I have an old IBM X345 server with a ServeRaid 5i card that I was running as a fileserver/test-server.

It was running VMWare ESXi 3.5, with a virtualised OpenSolaris machine inside of this this (as well as other machines) with ZFS as the filesystem.

Anyhow, recently, after a reboot, on startup, ServerRaid complains that two logical arrays are offline. I have six SCSI drives in the machine – four 147 Gb ones, and two 72 Gb ones. From memory, the first four drives are in one array/logical disk, and the fifth drive is in one of it's own. The sixth drive isn't used.

Yes, this was running in RAID 0…shame on me, I know.

I booted up the ServeRaid Support CD, and the first and fifth drive were marked as defunct.

The first drive (147 Gb) was listed as defunct drive, I/O subsystem error, and the fifth drive (72 Gb) as defunct drive, physical drive not found. When I right-clicked, I did see an option to mark the drives as online again (I'm not exactly sure how this would work with the physical drive not found?), however, there was a warning about data loss if I proceeded. I'm assuming this wasn't the option I wanted to recover the disks.

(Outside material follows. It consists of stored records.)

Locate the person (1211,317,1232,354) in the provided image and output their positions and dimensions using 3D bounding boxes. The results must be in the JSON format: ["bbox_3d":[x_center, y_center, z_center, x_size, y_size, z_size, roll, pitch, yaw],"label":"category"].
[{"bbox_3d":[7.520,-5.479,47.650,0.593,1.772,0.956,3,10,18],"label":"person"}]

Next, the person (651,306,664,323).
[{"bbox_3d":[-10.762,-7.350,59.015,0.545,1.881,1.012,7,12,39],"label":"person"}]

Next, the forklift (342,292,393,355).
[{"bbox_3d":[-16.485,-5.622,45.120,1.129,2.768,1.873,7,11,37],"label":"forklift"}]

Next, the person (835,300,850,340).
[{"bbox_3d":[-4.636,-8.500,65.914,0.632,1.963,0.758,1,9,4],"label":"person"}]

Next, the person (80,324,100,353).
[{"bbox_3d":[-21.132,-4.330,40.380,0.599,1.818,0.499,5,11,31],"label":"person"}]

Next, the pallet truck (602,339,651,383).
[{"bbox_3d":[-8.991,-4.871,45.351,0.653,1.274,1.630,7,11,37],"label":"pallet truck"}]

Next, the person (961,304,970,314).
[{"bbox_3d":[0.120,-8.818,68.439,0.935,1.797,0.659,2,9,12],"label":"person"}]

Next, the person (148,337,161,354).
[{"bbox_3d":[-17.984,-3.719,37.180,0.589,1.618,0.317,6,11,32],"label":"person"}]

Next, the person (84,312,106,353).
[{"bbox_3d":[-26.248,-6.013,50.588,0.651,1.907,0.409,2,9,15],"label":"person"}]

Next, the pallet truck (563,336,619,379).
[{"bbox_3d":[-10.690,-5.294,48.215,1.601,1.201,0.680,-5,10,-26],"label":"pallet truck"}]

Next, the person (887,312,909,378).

What exactly does the IO/Subsystem error mean? If I mark online will it blow away the disk?

Also, on the Lightpath console on the server, I have an orange error light on the DASD. I'm guessing that's not such a good sign? Or is it? Could it just be the ServeRaid card? Cause if so, I can just replace that..sigh, really hoping it is.

Anyhow, how exactly should I proceed going ahead? Is there any way to recover either of the defunct drives (io subsystem or physical drive not found) back to their initial state? Or can I somehow rebuild the data from the remaining drives? (I suppose I'd have a corrupted VMFS (VMWare Filesystem) after that, and then I'd have to rebuild that, and then rebuild the virtual disk images inside of that…?)

Any recommendations on how to proceed? (And yes, some people are probably going to say…oh…just reformat, and use RAID1 next time…lol. Hoping for something a little more hopeful than that…haha).

Thanks,
Victor

Ps: I've also made the Support Archive from ServeRaid available here:

http://www.victorhooi.com/files/Support.zip

(This is basically all the controller logs, and configuration information).

Best Answer

The orange led doesn't mean that the drive is broken: it means that it's marked as failed.

Recently I had the same issue on a ServeRaid 6i: two drives disappeared. The raid was level 5. I put one of the two online and I rebuilt the second. At the end of the process I got my array rebuild. Of course it was not a broken disk but a weird bug into the controller or into the disks.

Some disks seem to have broken firmware that cause the disk to deattach from the array randomly.